[Opening DATA SECTION section]

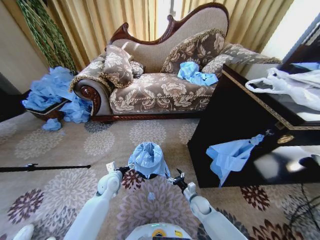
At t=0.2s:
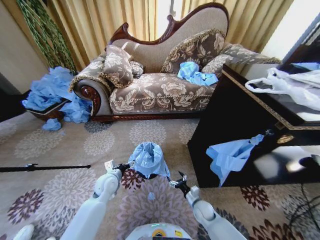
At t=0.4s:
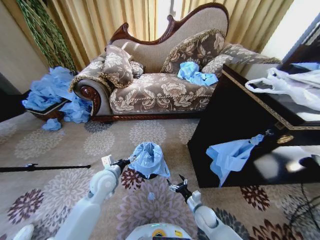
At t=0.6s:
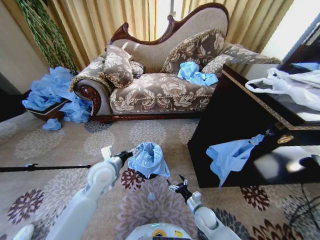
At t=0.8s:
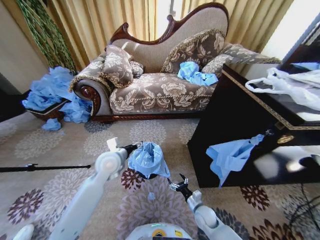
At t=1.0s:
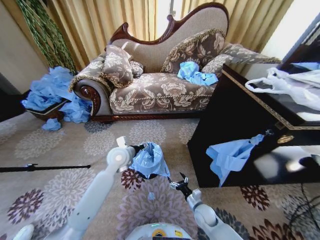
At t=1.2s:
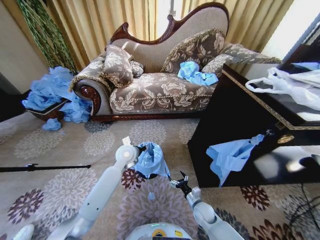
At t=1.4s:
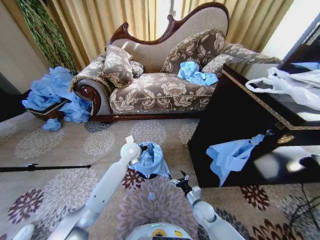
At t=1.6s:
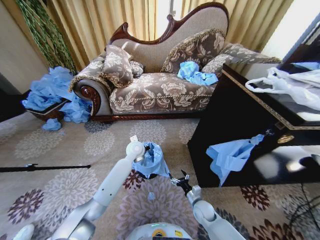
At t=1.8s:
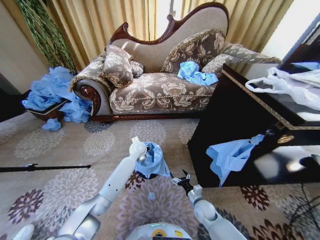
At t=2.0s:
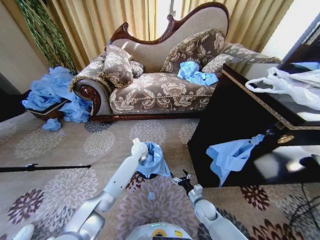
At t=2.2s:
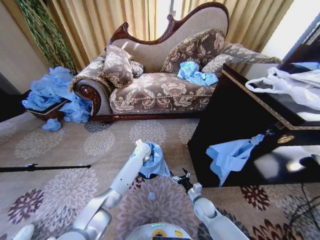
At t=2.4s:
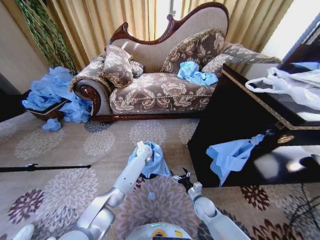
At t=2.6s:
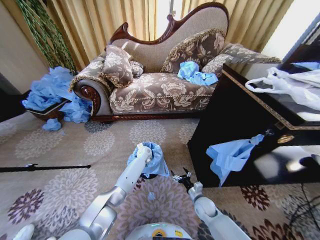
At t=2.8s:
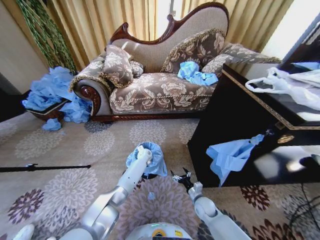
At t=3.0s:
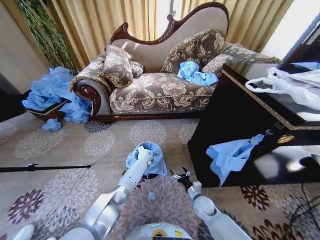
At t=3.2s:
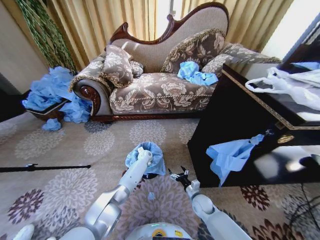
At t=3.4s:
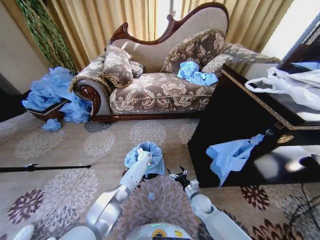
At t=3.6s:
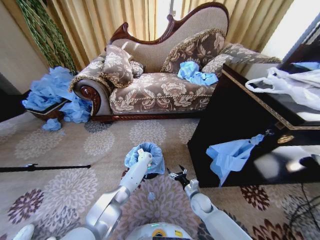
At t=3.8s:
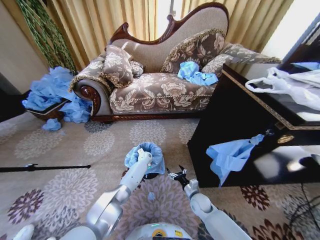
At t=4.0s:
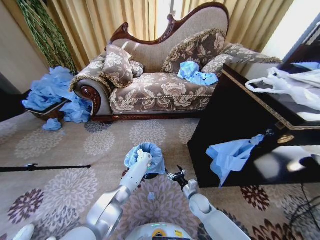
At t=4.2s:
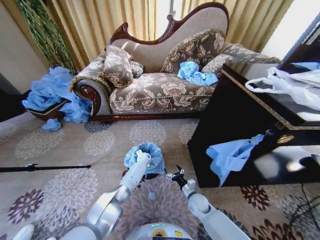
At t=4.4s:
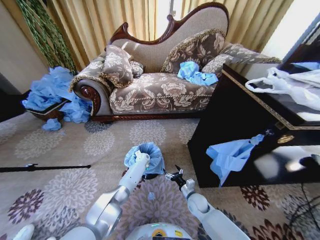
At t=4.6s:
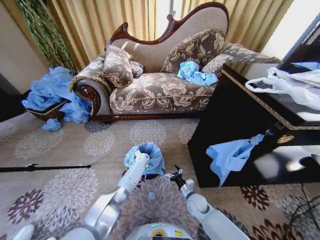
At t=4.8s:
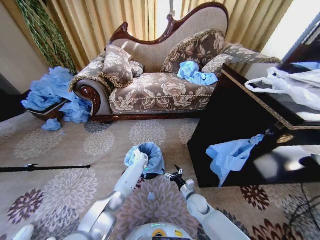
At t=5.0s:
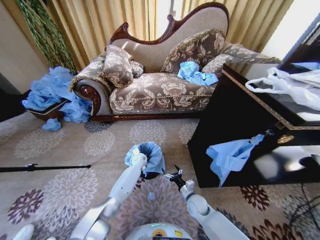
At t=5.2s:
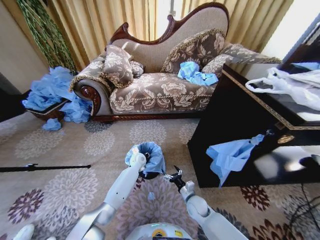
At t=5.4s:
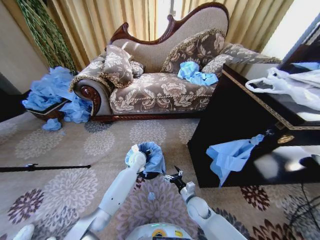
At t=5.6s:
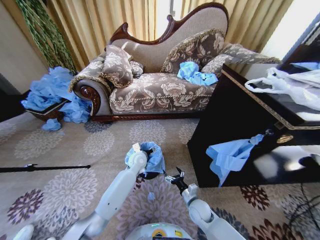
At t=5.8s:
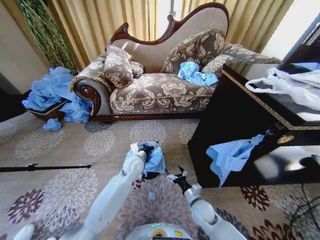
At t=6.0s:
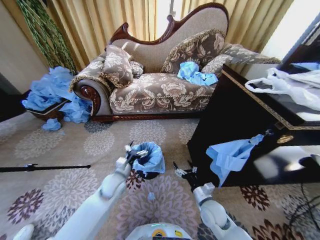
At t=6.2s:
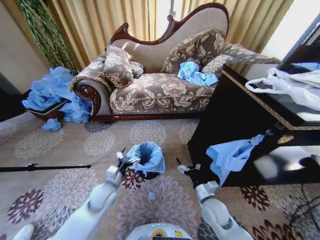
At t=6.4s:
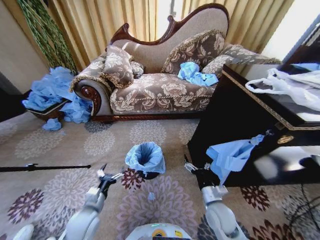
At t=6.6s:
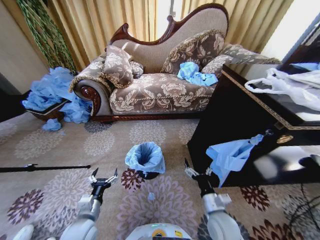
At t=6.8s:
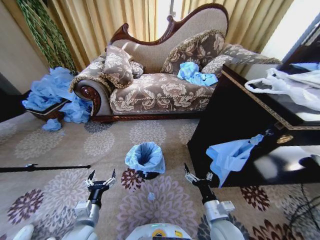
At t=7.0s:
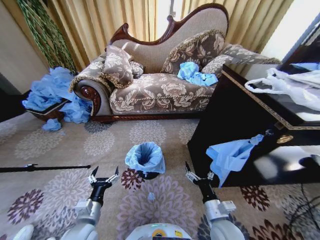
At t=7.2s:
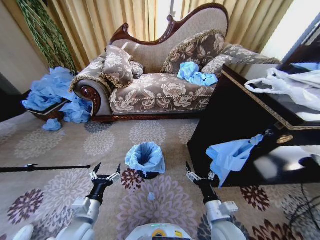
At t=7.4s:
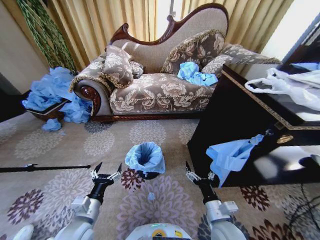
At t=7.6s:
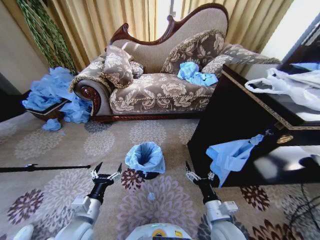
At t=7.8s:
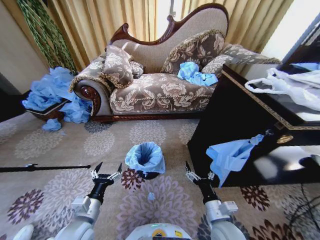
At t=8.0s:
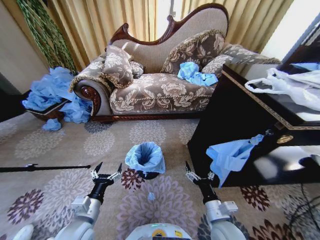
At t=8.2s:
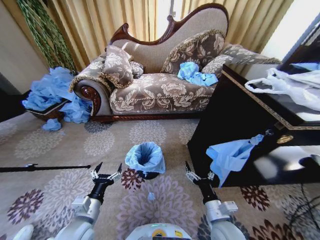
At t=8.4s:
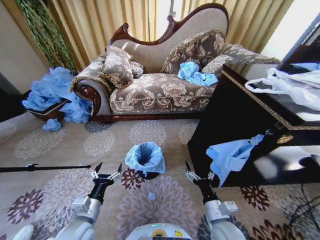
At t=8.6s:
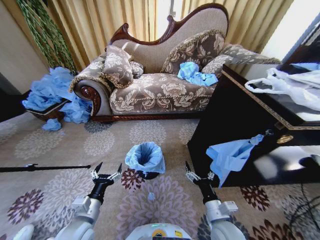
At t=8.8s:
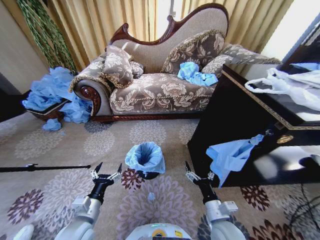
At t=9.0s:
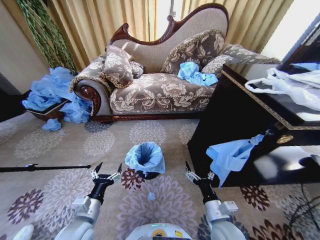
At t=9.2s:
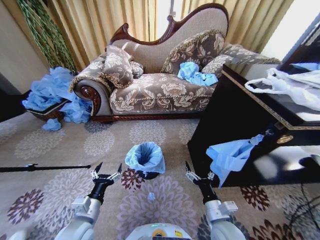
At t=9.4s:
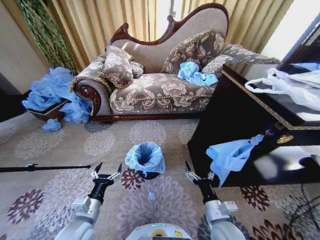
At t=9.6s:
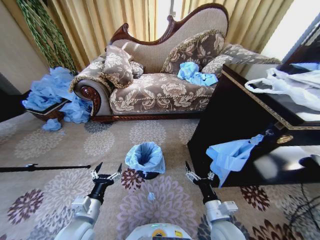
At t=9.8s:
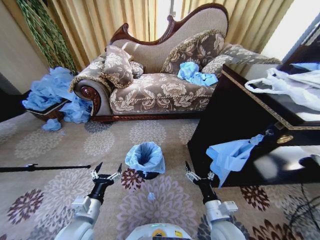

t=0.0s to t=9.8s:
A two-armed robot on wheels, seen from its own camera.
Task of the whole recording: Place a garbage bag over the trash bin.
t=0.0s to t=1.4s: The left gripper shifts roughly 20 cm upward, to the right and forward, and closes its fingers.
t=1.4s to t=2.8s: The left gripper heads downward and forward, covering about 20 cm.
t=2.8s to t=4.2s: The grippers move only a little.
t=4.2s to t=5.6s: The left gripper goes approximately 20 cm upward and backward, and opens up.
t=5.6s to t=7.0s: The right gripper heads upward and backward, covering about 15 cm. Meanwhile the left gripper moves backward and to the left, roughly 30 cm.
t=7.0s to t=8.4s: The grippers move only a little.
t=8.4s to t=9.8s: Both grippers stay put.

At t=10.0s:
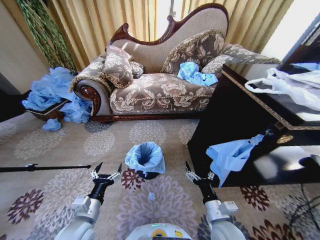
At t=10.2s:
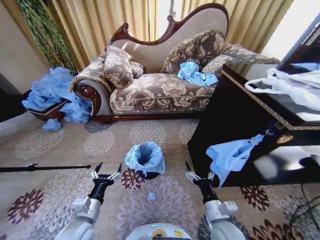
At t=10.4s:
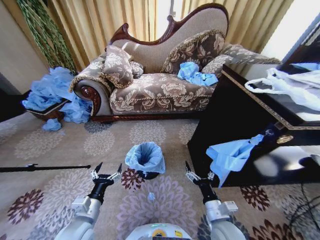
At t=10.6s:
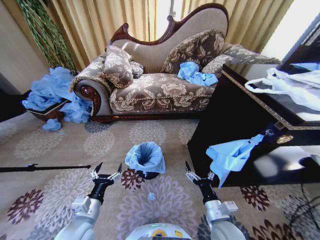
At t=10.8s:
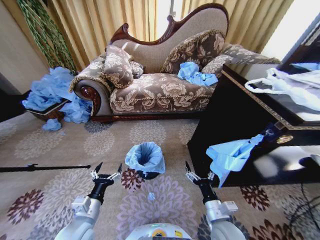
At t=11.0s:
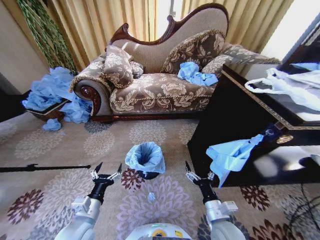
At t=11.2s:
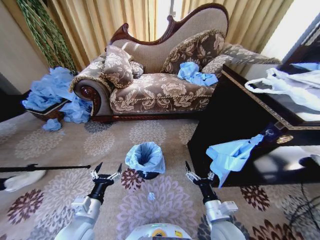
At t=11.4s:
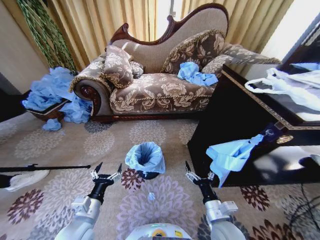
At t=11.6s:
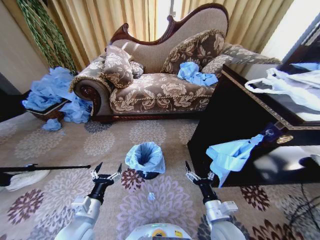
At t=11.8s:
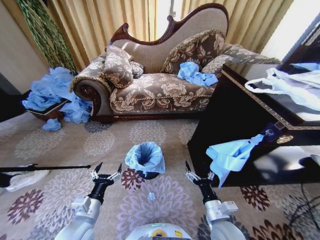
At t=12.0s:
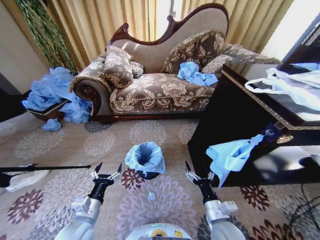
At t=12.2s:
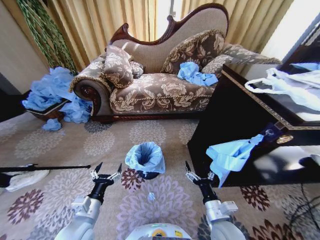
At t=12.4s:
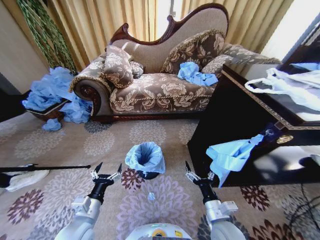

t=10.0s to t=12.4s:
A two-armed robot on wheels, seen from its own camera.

[Closing DATA SECTION section]

TASK BRIEF: Set down every entry exactly as it appears, but skip the pictures.

OUTPUT OF THE TASK:
At t=0.2s:
At t=0.4s:
At t=0.6s:
At t=0.8s:
At t=1.0s:
At t=1.2s:
At t=1.4s:
At t=1.6s:
At t=1.8s:
At t=2.0s:
At t=2.2s:
At t=2.4s:
At t=2.6s:
At t=2.8s:
At t=3.0s:
At t=3.2s:
At t=3.4s:
At t=3.6s:
At t=3.8s:
At t=4.0s:
At t=4.2s:
At t=4.4s:
At t=4.6s:
At t=4.8s:
At t=5.0s:
At t=5.2s:
At t=5.4s:
At t=5.6s:
At t=5.8s:
At t=6.0s:
At t=6.2s:
At t=6.4s:
At t=6.6s:
At t=6.8s:
At t=7.0s:
At t=7.2s:
At t=7.4s:
At t=7.6s:
At t=7.8s:
At t=8.0s:
At t=8.2s:
At t=8.4s:
At t=8.6s:
At t=8.8s:
At t=9.0s:
At t=9.2s:
At t=9.4s:
At t=9.6s:
At t=9.8s:

t=0.0s to t=9.8s:
A two-armed robot on wheels, seen from its own camera.
Task of the whole recording: Place a garbage bag over the trash bin.
t=0.0s to t=1.4s: The left gripper shifts roughly 20 cm upward, to the right and forward, and closes its fingers.
t=1.4s to t=2.8s: The left gripper heads downward and forward, covering about 20 cm.
t=2.8s to t=4.2s: The grippers move only a little.
t=4.2s to t=5.6s: The left gripper goes approximately 20 cm upward and backward, and opens up.
t=5.6s to t=7.0s: The right gripper heads upward and backward, covering about 15 cm. Meanwhile the left gripper moves backward and to the left, roughly 30 cm.
t=7.0s to t=8.4s: The grippers move only a little.
t=8.4s to t=9.8s: Both grippers stay put.

At t=10.0s:
At t=10.2s:
At t=10.4s:
At t=10.6s:
At t=10.8s:
At t=11.0s:
At t=11.2s:
At t=11.4s:
At t=11.6s:
At t=11.8s:
At t=12.0s:
At t=12.2s:
At t=12.4s:

t=10.0s to t=12.4s:
A two-armed robot on wheels, seen from its own camera.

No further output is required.